Es ist noch Platz im »Atomklo«

Im Zwischenlager Lubmin werden Castoren erwartet – am Wochenende sind Proteste geplant

  • Velten Schäfer, Schwerin
  • Lesedauer: 3 Min.
Kernkraftgegner mobilisieren nach Lubmin (Mecklenburg-Vorpommern), um gegen Castor-Transporte ins dortige Zwischenlager zu protestieren. Dessen Betreiber wehren sich gegen die Vorwürfe der Kritiker.

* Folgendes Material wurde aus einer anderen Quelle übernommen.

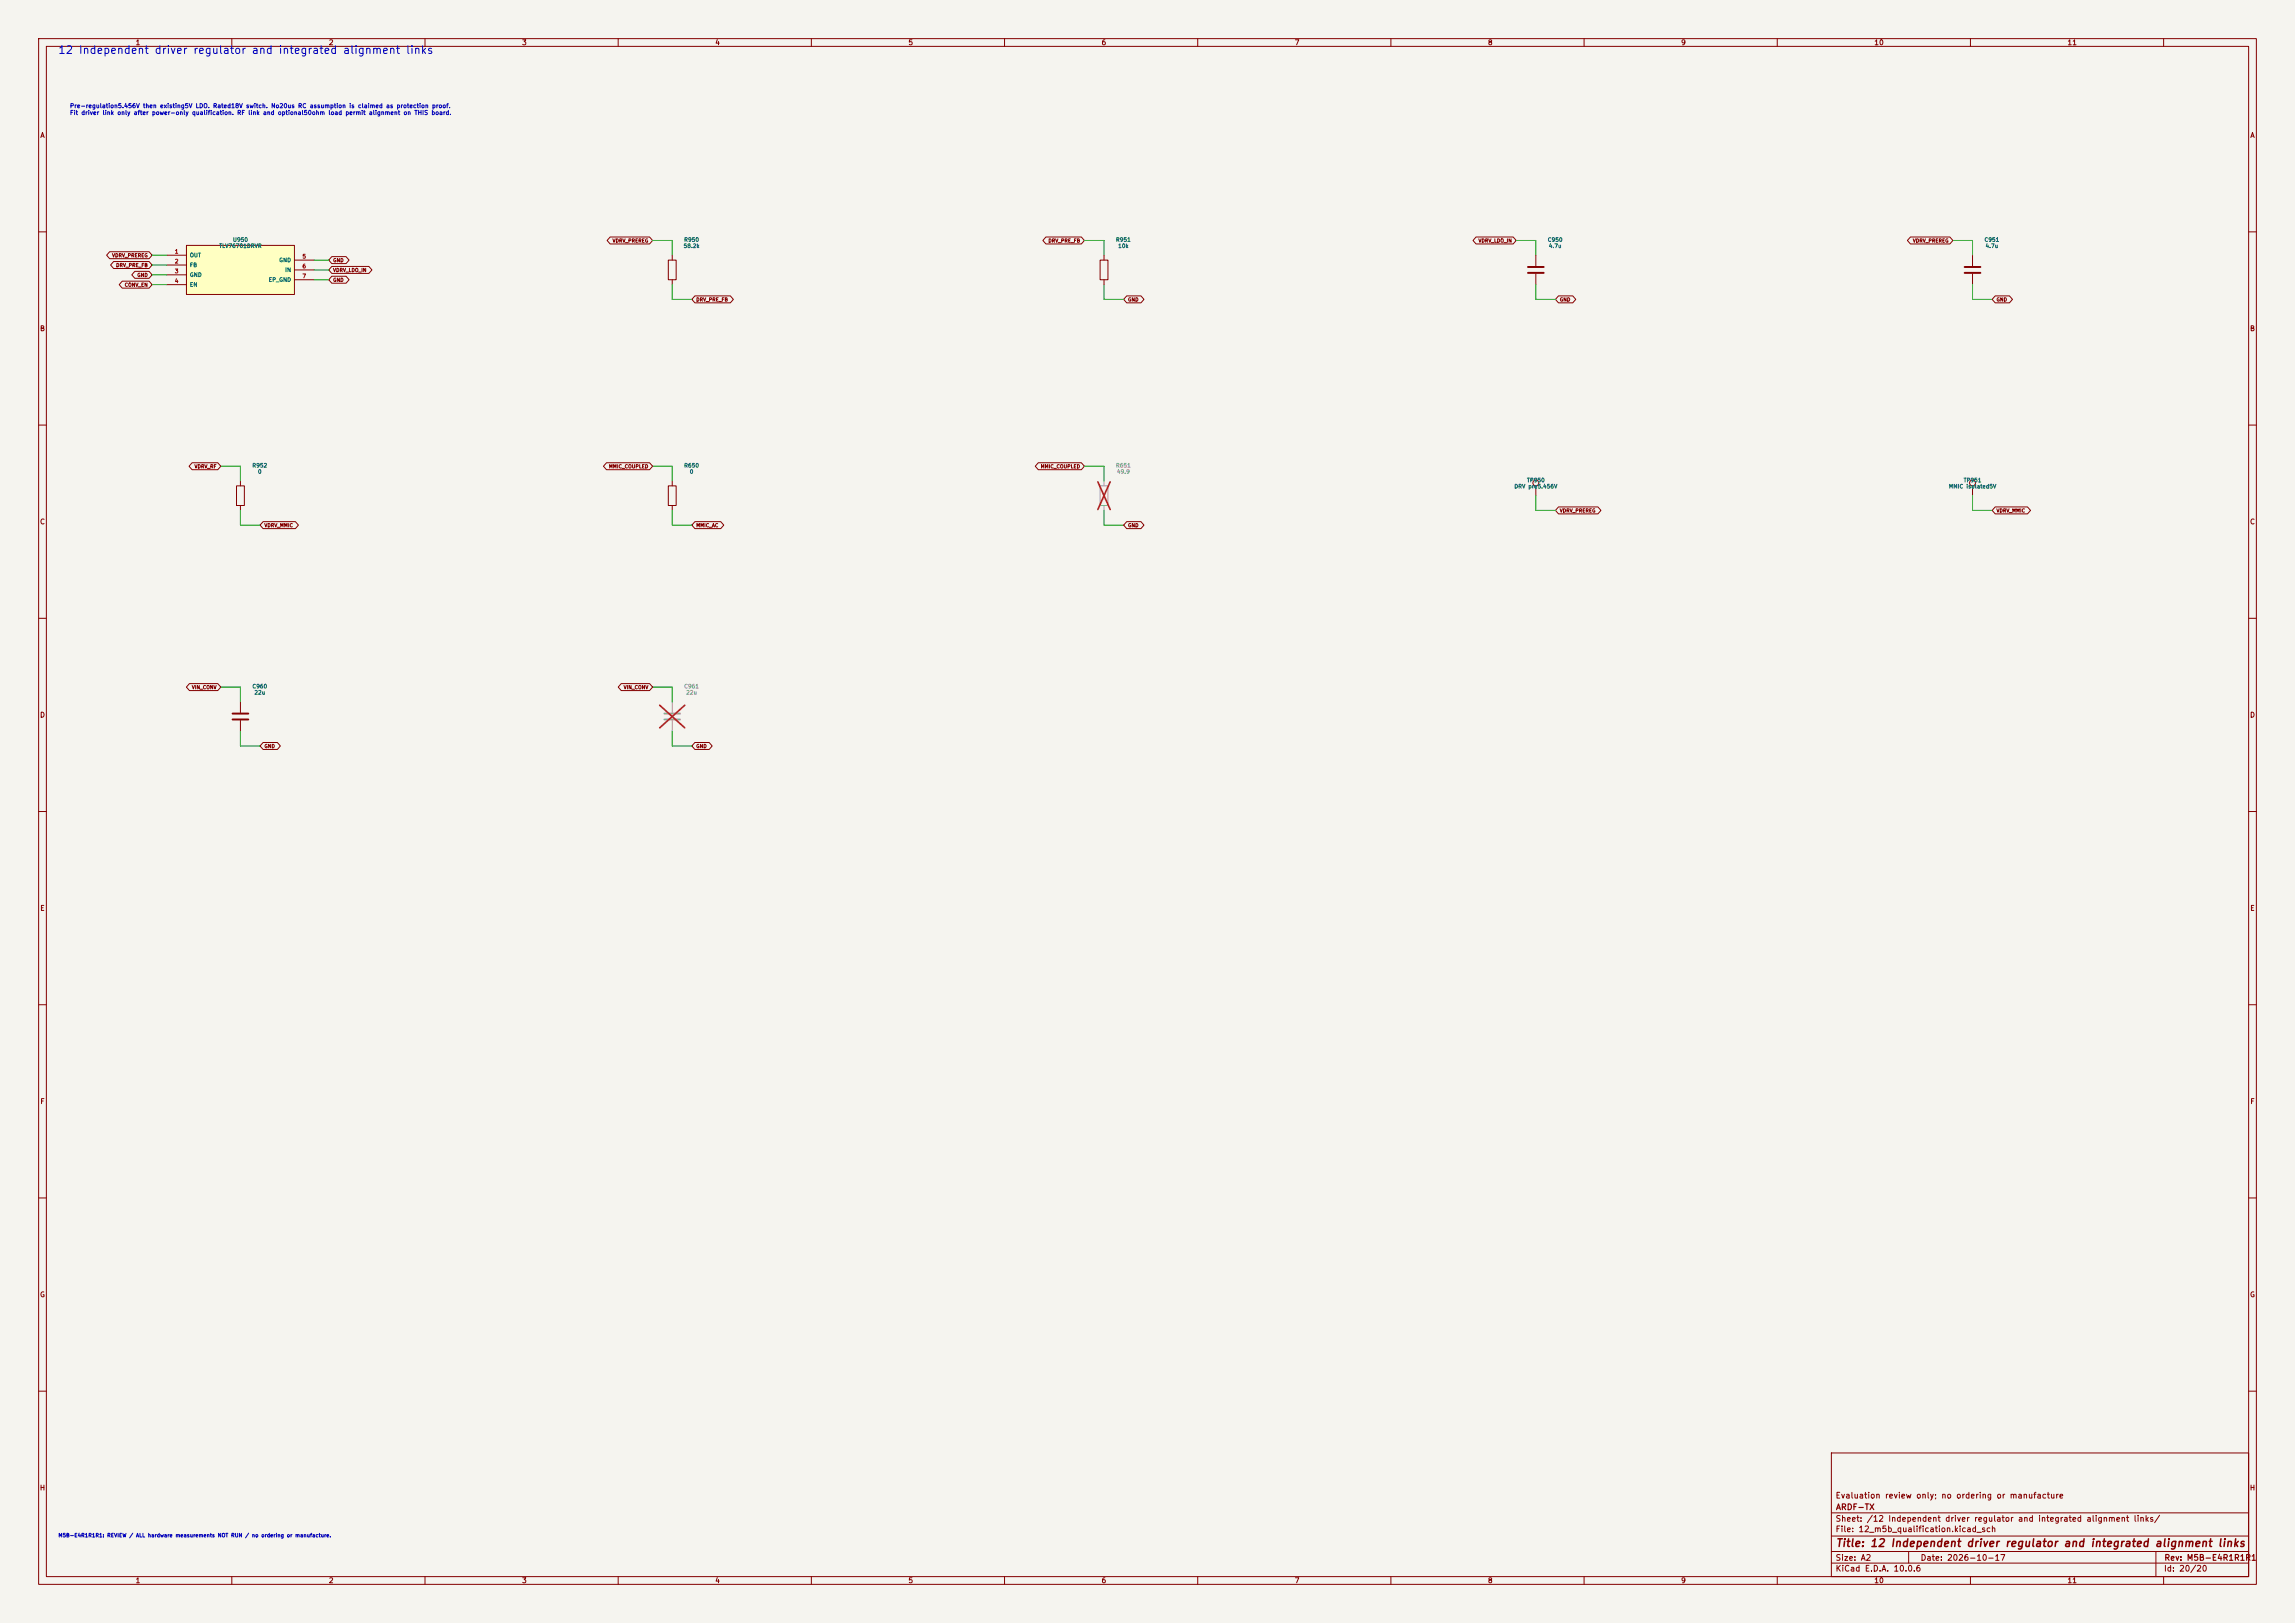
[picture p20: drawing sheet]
<svg xmlns="http://www.w3.org/2000/svg" width="594mm" height="420mm" viewBox="0 0 594 420" stroke-linecap="round" stroke-linejoin="round" font-family="sans-serif">
<defs><g id="words">
<text font-size="2" fill="#0000c2" x="14.9" y="14.4">12 Independent driver regulator and integrated alignment links</text>
<text font-size="2" fill="#840000" x="475" y="400.8">Title: 12 Independent driver regulator and integrated alignment links</text>
<g font-size="1.5" fill="#840000">
<text x="475" y="388.1">Evaluation review only; no ordering or manufacture</text>
<text x="475" y="394.1">Sheet: /12 Independent driver regulator and integrated alignment links/</text>
<text x="475.1" y="391.1">ARDF-TX</text>
<text x="475" y="396.8">File: 12_m5b_qualification.kicad_sch</text>
<text x="475" y="407">KiCad E.D.A. 10.0.6</text>
<text x="475" y="404.2">Size: A2</text>
<text x="497" y="404.2">Date: 2026-10-17</text>
<text x="560" y="407">Id: 20/20</text>
<text x="560.1" y="404.2">Rev: M5B-E4R1R1R1</text>
</g>
<g font-size="1.3" fill="#840000">
<text x="35" y="12">1</text>
<text x="85" y="12">2</text>
<text x="135" y="12">3</text>
<text x="185" y="12">4</text>
<text x="235" y="12">5</text>
<text x="285" y="12">6</text>
<text x="335" y="12">7</text>
<text x="385" y="12">8</text>
<text x="435" y="12">9</text>
<text x="485" y="12">10</text>
<text x="535" y="12">11</text>
<text x="10.3" y="36">A</text>
<text x="582.3" y="36">A</text>
<text x="10.2" y="86">B</text>
<text x="582.2" y="86">B</text>
<text x="10.2" y="136">C</text>
<text x="582.2" y="136">C</text>
<text x="10.2" y="186">D</text>
<text x="582.2" y="186">D</text>
<text x="10.3" y="236">E</text>
<text x="582.3" y="236">E</text>
<text x="10.3" y="286">F</text>
<text x="582.3" y="286">F</text>
<text x="10.2" y="336">G</text>
<text x="582.2" y="336">G</text>
<text x="10.2" y="386">H</text>
<text x="582.2" y="386">H</text>
<text x="35" y="410">1</text>
<text x="85" y="410">2</text>
<text x="135" y="410">3</text>
<text x="185" y="410">4</text>
<text x="235" y="410">5</text>
<text x="285" y="410">6</text>
<text x="335" y="410">7</text>
<text x="385" y="410">8</text>
<text x="435" y="410">9</text>
<text x="485" y="410">10</text>
<text x="535" y="410">11</text>
</g>
<g font-size="1.1" fill="#0000c2">
<text x="18" y="28.2">Pre-regulation5.456V then existing5V LDO. Rated18V switch. No20us RC assumption is claimed as protection proof.</text>
<text x="18" y="30">Fit driver link only after power-only qualification. RF link and optional50ohm load permit alignment on THIS board.</text>
</g>
<g font-size="1" fill="#a90000">
<text x="45.1" y="65.9">1</text>
<text x="45.1" y="68.4">2</text>
<text x="45.1" y="70.9">3</text>
<text x="78.2" y="67.1">5</text>
<text x="78.2" y="69.7">6</text>
<text x="45.1" y="73.5">4</text>
<text x="78.2" y="72.2">7</text>
</g>
<g font-size="1" fill="#006464">
<text x="56.6" y="64.4">TLV76701DRVR</text>
<text x="60.2" y="62.8">U950</text>
<text x="176.8" y="64.4">58.2k</text>
<text x="177" y="62.8">R950</text>
<text x="288.7" y="62.8">R951</text>
<text x="289.3" y="64.4">10k</text>
<text x="400.5" y="62.8">C950</text>
<text x="400.8" y="64.4">4.7u</text>
<text x="513.5" y="62.8">C951</text>
<text x="513.8" y="64.4">4.7u</text>
<text x="49" y="66.8">OUT</text>
<text x="49" y="69.3">FB</text>
<text x="49" y="71.9">GND</text>
<text x="72.1" y="68.1">GND</text>
<text x="73.7" y="70.6">IN</text>
<text x="49" y="74.4">EN</text>
<text x="69.4" y="73.2">EP_GND</text>
<text x="65.2" y="121.2">R952</text>
<text x="66.7" y="122.8">0</text>
<text x="177" y="121.2">R650</text>
<text x="178.4" y="122.8">0</text>
<text x="395.1" y="125">TP950</text>
<text x="508.1" y="125">TP951</text>
<text x="391.8" y="126.6">DRV pre5.456V</text>
<text x="504.3" y="126.6">MMIC isolated5V</text>
<text x="65.2" y="178.4">C960</text>
<text x="65.7" y="180">22u</text>
</g>
<g font-size="1" fill="#939391">
<text x="288.7" y="121.2">R651</text>
<text x="289" y="122.8">49.9</text>
<text x="177" y="178.4">C961</text>
<text x="177.5" y="180">22u</text>
</g>
<text font-size="1" fill="#0000c2" x="15" y="398">M5B-E4R1R1R1: REVIEW / ALL hardware measurements NOT RUN / no ordering or manufacture.</text>
<g font-size=".9" fill="#840000">
<text x="158.5" y="63">VDRV_PREREG</text>
<text x="271.2" y="63">DRV_PRE_FB</text>
<text x="382.6" y="63">VDRV_LDO_IN</text>
<text x="495" y="63">VDRV_PREREG</text>
<text x="28.9" y="66.8">VDRV_PREREG</text>
<text x="29.9" y="69.3">DRV_PRE_FB</text>
<text x="35.4" y="71.9">GND</text>
<text x="86.1" y="68.1">GND</text>
<text x="86.1" y="70.6">VDRV_LDO_IN</text>
<text x="32.2" y="74.4">CONV_EN</text>
<text x="86.1" y="73.1">GND</text>
<text x="180.1" y="78.2">DRV_PRE_FB</text>
<text x="291.9" y="78.2">GND</text>
<text x="403.6" y="78.2">GND</text>
<text x="516.6" y="78.2">GND</text>
<text x="50.2" y="121.4">VDRV_RF</text>
<text x="157.5" y="121.4">MMIC_COUPLED</text>
<text x="269.3" y="121.4">MMIC_COUPLED</text>
<text x="68.3" y="136.6">VDRV_MMIC</text>
<text x="180.1" y="136.6">MMIC_AC</text>
<text x="291.9" y="136.6">GND</text>
<text x="403.6" y="132.8">VDRV_PREREG</text>
<text x="516.6" y="132.8">VDRV_MMIC</text>
<text x="49.6" y="178.5">VIN_CONV</text>
<text x="161.3" y="178.5">VIN_CONV</text>
<text x="68.3" y="193.8">GND</text>
<text x="180.1" y="193.8">GND</text>
</g>
</g></defs>
<path d="M0 0h594v420h-594z" fill="#f5f4ef" stroke="#f5f4ef" stroke-width=".26"/>
<g fill="none" stroke="#840000" stroke-width=".26">
<path d="M10 10h574v400h-574zM12 12h570v396h-570zM60 10v2M110 10v2M160 10v2M210 10v2M260 10v2M310 10v2M360 10v2M410 10v2M460 10v2M510 10v2"/>
<path d="M560 10v2M10 60h2M284.7 67.3h2.1v5.1h-2.1zM285.7 66v1.3M285.7 72.4v1.3M397.5 66v2.8M397.5 70.9v2.8M510.5 66v2.8M510.5 70.9v2.8M582 60h2M10 110h2M582 110h2"/>
<path d="M61.2 125.7h2v5.1h-2zM62.2 124.5v1.2M62.2 130.8v1.3M397.5 125.7v2.6M510.5 125.7v2.6M10 160h2M582 160h2M62.2 181.6v2.8M62.2 186.4v2.8M10 210h2M582 210h2M10 260h2"/>
<path d="M582 260h2M10 310h2M582 310h2M10 360h2M474 376h108v32h-108zM582 360h2M474 397.5h108M474 391.5h108M60 408v2M110 408v2M160 408v2M210 408v2"/>
<path d="M260 408v2M310 408v2M360 408v2M410 408v2M460 408v2M474 404.5h108M474 401.5h108M494 401.5v3M510 408v2M558 401.5v6.5M560 408v2"/>
<circle cx="397.5" cy="125" r=".76"/>
<circle cx="510.5" cy="125" r=".76"/>
</g>
<path d="M395.5 69.1h4M395.5 70.6h4M508.5 69.1h4.1M508.5 70.6h4.1M60.2 184.7h4.1M60.2 186.2h4.1" fill="none" stroke="#840000" stroke-width=".51"/>
<path d="M284.7 125.7h2.1v5.1h-2.1zM285.7 124.5v1.2M285.7 130.8v1.3" fill="none" stroke="#9c9b98" stroke-width=".26"/>
<path d="M284.1 124.7l3.3 7.2M287.4 124.7l-3.3 7.2" fill="none" stroke="#e12e31" stroke-width=".46"/>
<path d="M48.3 63.5h27.9v12.7h-27.9z" fill="#ffffc2"/>
<g fill="none" stroke="#840000" stroke-width=".26">
<path d="M28.4 65.1h10.2l.8 .9-.8 .9h-10.2l-.8-.9zM29.4 67.7h9.2l.8 .9-.8 .9h-9.2l-.8-.9zM31.6 72.8h7l.8 .9-.8 .9h-7l-.8-.9zM34.9 70.2h3.7l.8 .9-.8 .9h-3.7l-.8-.9zM43.2 66h5.1M43.2 68.6h5.1M43.2 71.1h5.1M43.2 73.7h5.1M48.3 63.5h27.9v12.7h-27.9zM76.2 67.3h5.1M76.2 69.9h5.1M76.2 72.4h5.1"/>
<path d="M85.9 66.4h3.7l.8 .9-.8 .9h-3.7l-.8-.9zM85.9 71.5h3.7l.8 .9-.8 .9h-3.7l-.8-.9zM85.9 68.9h9.6l.8 1-.8 .9h-9.6l-.8-.9zM157.9 61.3h10.2l.8 .9-.8 .9h-10.2l-.8-.9zM173 67.3h2v5.1h-2zM174 66v1.3M174 72.4v1.3M179.9 76.6h9.1l.8 .9-.8 .9h-9.1l-.8-.9zM270.7 61.3h9.2l.8 .9-.8 .9h-9.2l-.8-.9zM291.6 76.6h3.7l.8 .9-.8 .9h-3.7l-.8-.9zM382 61.3h9.6l.8 .9-.8 .9h-9.6l-.7-.9zM403.4 76.6h3.7l.8 .9-.8 .9h-3.7l-.8-.9z"/>
<path d="M494.5 61.3h10.2l.8 .9-.8 .9h-10.2l-.8-.9zM516.4 76.6h3.7l.8 .9-.8 .9h-3.7l-.8-.9zM49.7 119.7h6.7l.7 1-.7 .9h-6.7l-.8-.9zM157 119.7h11.1l.8 1-.8 .9h-11.1l-.8-.9zM268.7 119.7h11.2l.8 1-.8 .9h-11.2l-.8-.9zM68.1 135h8.4l.7 .9-.7 .9h-8.4l-.8-.9zM173 125.7h2v5.1h-2zM174 124.5v1.2M174 130.8v1.3M179.9 135h6.6l.8 .9-.8 .9h-6.6l-.8-.9zM291.6 135h3.7l.8 .9-.8 .9h-3.7l-.8-.9zM403.4 131.2h10.2l.8 .9-.8 .9h-10.2l-.8-.9z"/>
<path d="M516.4 131.2h8.4l.8 .9-.8 .9h-8.4l-.8-.9zM49 176.9h7.4l.7 .9-.7 .9h-7.4l-.8-.9zM160.8 176.9h7.3l.8 .9-.8 .9h-7.3l-.8-.9zM68.1 192.1h3.7l.8 .9-.8 .9h-3.7l-.8-.9zM179.9 192.1h3.6l.8 .9-.8 .9h-3.6l-.8-.9z"/>
</g>
<path d="M172 184.7h4M172 186.2h4" fill="none" stroke="#9c9b98" stroke-width=".51"/>
<path d="M174 181.6v2.8M174 186.4v2.8" fill="none" stroke="#9c9b98" stroke-width=".26"/>
<path d="M170.8 182.5l6.4 5.8M177.2 182.5l-6.4 5.8" fill="none" stroke="#e12e31" stroke-width=".46"/>
<g fill="none" stroke="#009600" stroke-width=".26">
<path d="M39.4 71.1h3.8M39.4 73.7h3.8M39.4 68.6h3.8M39.4 66h3.8M81.3 72.4h3.8M81.3 69.9h3.8M81.3 67.3h3.8M168.9 62.2h5.1v3.8M174 73.7v3.8h5.1M280.7 62.2h5v3.8M285.7 73.7v3.8h5.1M392.4 62.2h5.1v3.8"/>
<path d="M397.5 73.7v3.8h5.1M505.5 62.2h5v3.8M510.5 73.7v3.8h5.1M57.1 120.7h5.1v3.8M62.2 132.1v3.8h5.1M168.9 120.7h5.1v3.8M174 132.1v3.8h5.1M280.7 120.7h5v3.8M285.7 132.1v3.8h5.1M397.5 128.3v3.8h5.1M510.5 128.3v3.8h5.1M57.1 177.8h5.1v3.8"/>
<path d="M168.9 177.8h5.1v3.8M62.2 189.2v3.8h5.1M174 189.2v3.8h5.1"/>
</g>
<use href="#words"/>
</svg>

Nein, Marlies Philipp sieht sich »nicht als Hauptgegnerin«. Gewissermaßen kann die Sprecherin der Lubminer Energiewerke Nord (EWN) die Demonstranten sogar verstehen, die sich für Sonntag angekündigt haben: »Es geht da allgemein um Atompolitik. Transporte von Atommüll sind nur ein Aufhänger«, sagt sie. Und würden nicht, wenn sich die Kernkraftgegner heute durchsetzten, die EWN morgen mehr gebraucht denn je? Das bundeseigene Unternehmen hat sich zu einem der führenden Experten für die Demontage kerntechnischer Anlagen entwickelt. Um einen Schulterschluss wird es den Demonstranten am Sonntag aber nicht gehen. Seit bekannt wurde, dass 2010 – einen Termin gibt es laut Philipp noch nicht – insgesamt neun Behälter mit hochradioaktiven Abfällen aus dem Versuchsreaktor in Karlsruhe und dem einst kerngetriebenen Forschungsschiff »Otto Hahn« im Zwischenlager der EWN erwartet werden, geht im Nordosten das Wort vom »Atomklo« um.

Mehr Kapazität als gedacht

Erstmals werde in Lubmin, wo nur der strahlende Abfall aus DDR-Produktion habe gelagert werden sollen, hochgefährlicher Atommüll aus dem Westen abgestellt, sagen die Kritiker. Doch von »Dammbruch« könne keine Rede sein, wehrt sich Philipp. Nur eine der acht Hallen im Zwischenlager sei für sensible Abfälle wie die jetzt erwarteten Brennstäbe vom Forschungsschiff überhaupt zugelassen. Von 80 »Plätzen« seien 65 mit Lubminer und Rheinsberger Abfällen belegt. Nun kommen neun weitere Behälter hinzu – was Platz für maximal weitere sechs Behälter ließe. Es sei nicht auszuschließen, dass diese auch noch belegt werden, heißt es bei den EWN. Aber es lägen »keine Anfragen vor«.

Damit widerspricht Philipp früheren Angaben des Schweriner Innenministers Lorenz Caffier (CDU). Der hatte vor Kurzem von 74 Plätzen in der Halle für sensible Abfälle gesprochen, womit das Lager nach der jetzigen »Lieferung« voll gewesen wäre. Caffier ist allerdings nur für die leichteren Abfälle in den anderen Hallen zuständig.

Anti-Atomkraft-Gruppen aus dem städtisch-studentischen Milieu von Rostock und Greifswald haben für das Wochenende zu »Aktionstagen« ausgerufen. Am Sonntag wollen sie mit einem Fahrradkorso aus Greifswald und einer Demonstration, die um 12 Uhr am Alten Bahnhof in Lubmin beginnen soll, in der Nähe des Zwischenlagers protestieren. Am Samstag gibt es eine Veranstaltung und ein Vernetzungstreffen mit dem »Baltic Sea«-Netzwerk, einem internationalen Zusammenschluss von Kernkraftkritikern, das auch vor einer radioaktiven Verschmutzung der ohnehin geplagten Ostsee warnt.

Ermittlungen gegen EWN

Gegen die EWN hatte es im Frühjahr sogar staatsanwaltschaftliche Ermittlungen wegen strahlender Abwässer gegeben, die aber ergebnislos eingestellt wurden. 1999 kam der erste Behälter nach Lubmin. Zwischenlager sind auf 40 Jahre befristet – ab dem ersten Castor. 2039 ist demnach Schluss mit dem Atommüll am Bodden. Dann, davon geht das Gesetz aus, habe man ein Endlager gefunden. Oder man verlängert die Fristen. Oder »wir bringen es wieder in Aufbereitungsanlagen, wie andere auch«, lacht EWN-Sprecherin Philipp. Das zumindest wollen die Demonstranten ganz sicher verhindern.